Breast Cancer

PV QA 4 - Poster Viewing Q&A 4

TU_3_3343 - Survival Outcomes for Breast Cancer Patients with Liver Metastases: A Population-Based Study of 3,549 Patients

Tuesday, October 23
2:45 PM - 4:15 PM
Location: Innovation Hub, Exhibit Hall 3

Survival Outcomes for Breast Cancer Patients with Liver Metastases: A Population-Based Study of 3,549 Patients
J. S. Suri1, J. Budnik1, J. E. Bates2, and M. T. Milano1; 1Department of Radiation Oncology, University of Rochester Medical Center, Rochester, NY, 2Department of Radiation Oncology, University of Florida College of Medicine, Gainesville, FL

Purpose/Objective(s): There are limited published data on the risk factors, incidence, and survival in breast cancer patients with liver metastases. In this study, we aim to utilize the Surveillance, Epidemiology, and End Results (SEER) database to further explore the impact of liver metastases in patients with Stage IV breast cancer.

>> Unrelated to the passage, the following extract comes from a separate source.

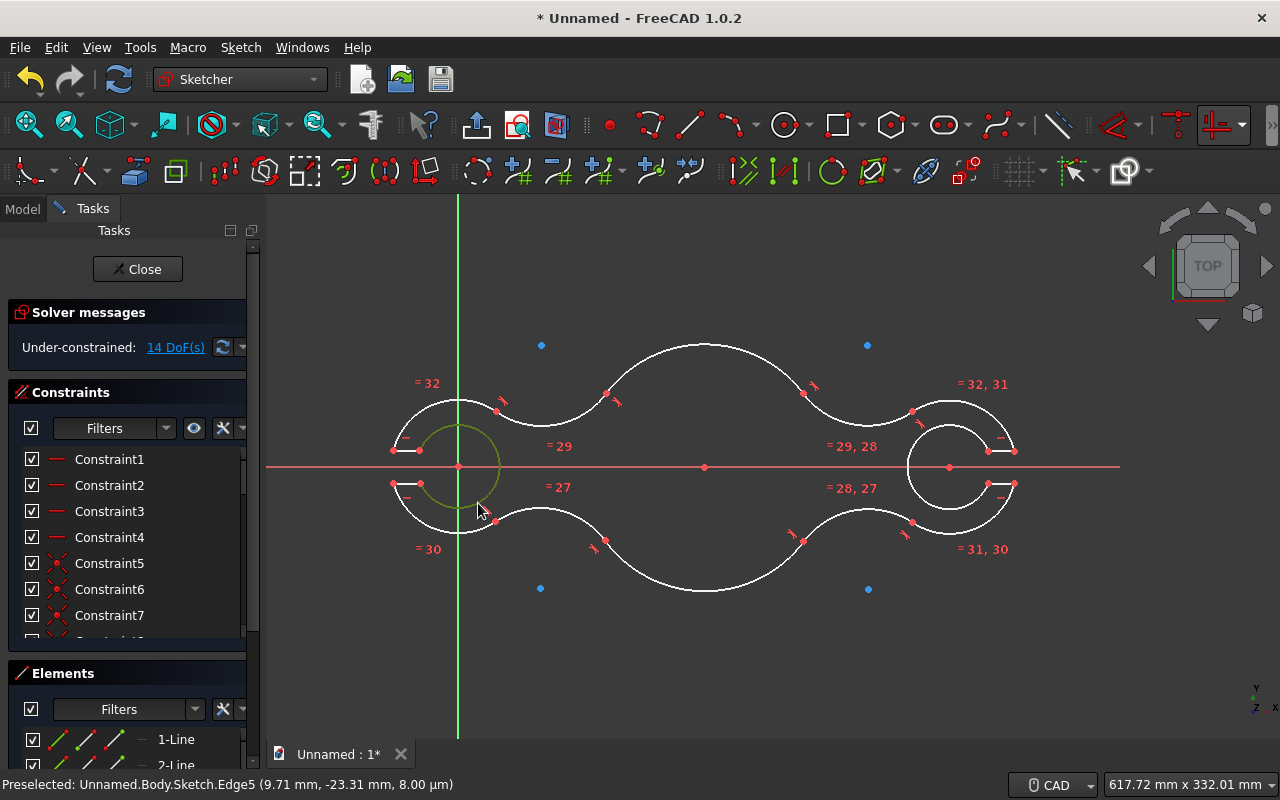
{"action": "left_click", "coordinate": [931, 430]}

Materials/Methods: Using the SEER 18 registries, we included 14,932 patients diagnosed with Stage IV breast cancer from 2010-2014 with metastatic disease to the lung, bone, liver, and brain. Kaplan-Meier analyses and multivariate Cox proportional hazard models were utilized to assess the impact of liver metastases on overall survival (OS).

Results: The median OS for the entire cohort was 29 months with 43.3% of patients alive at 3 years. 3,549 (23.8%) patients had metastases to liver and 1,045 (7%) patients had liver metastases without involvement of the bone, lung or brain. Patients recorded as having liver metastases in the absence of brain, lung, or bone metastases (HR = 1.36, CI 1.24-1.49, P <0.001), as well as patients recorded as having liver metastases plus additional sites had worse OS than all comers with M1 disease not recorded as in the liver. The median OS for patients with liver metastases at time of diagnosis was 20 months versus 32 months for patients without liver metastases. For patients with liver metastases without involvement of the lung, bone, or brain, median OS was 27 months with only 16% patients alive at 3 years. For patients with liver and lung metastases, median OS was 15 months with only 7.5% patients alive at 3 years.

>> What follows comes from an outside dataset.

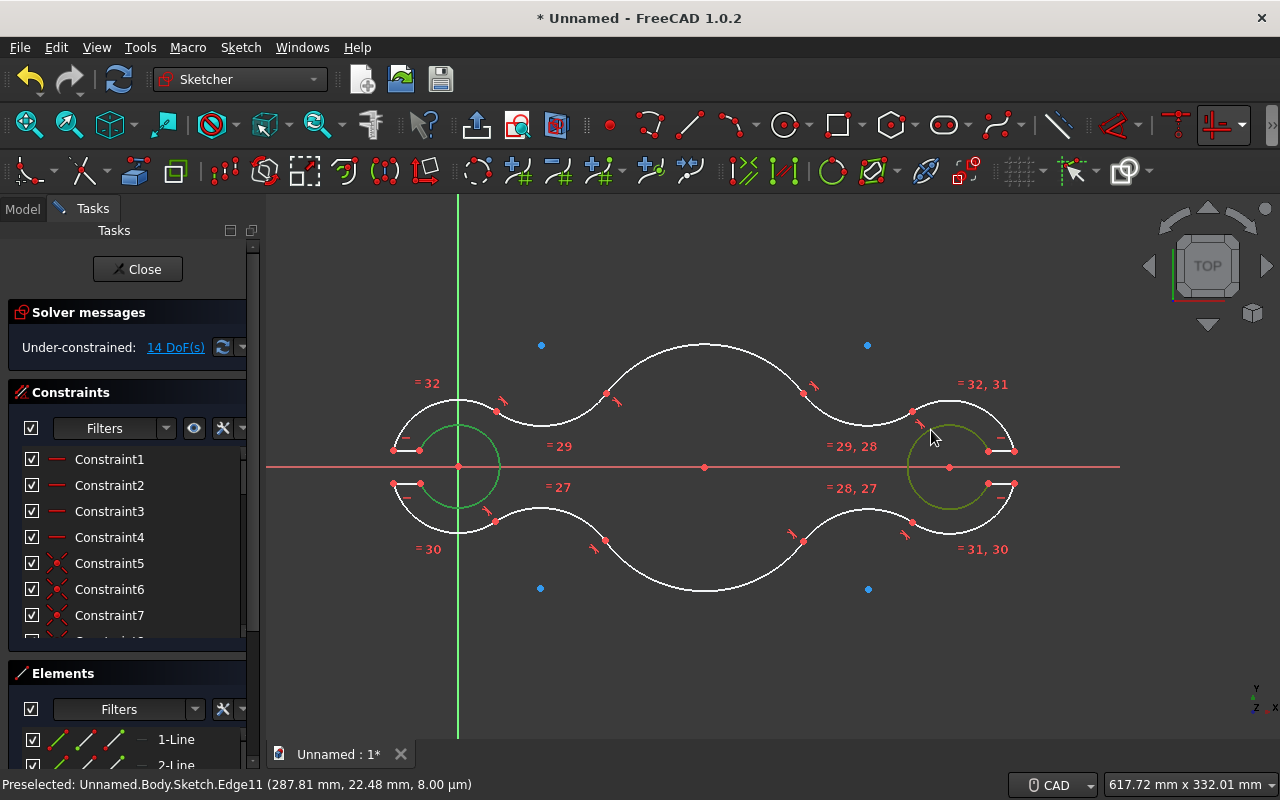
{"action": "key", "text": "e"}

Conclusion: This population-based hypothesis-generating analysis suggests that Stage IV breast cancer patients with liver metastases have worse OS and may benefit from aggressive upfront therapies. These findings may inform future therapeutic investigations to improve the prognosis of breast cancer patients harboring hepatic metastases at presentation.

Author Disclosure: J.S. Suri: None. J.E. Bates: None. M.T. Milano: Honoraria; UpToDate.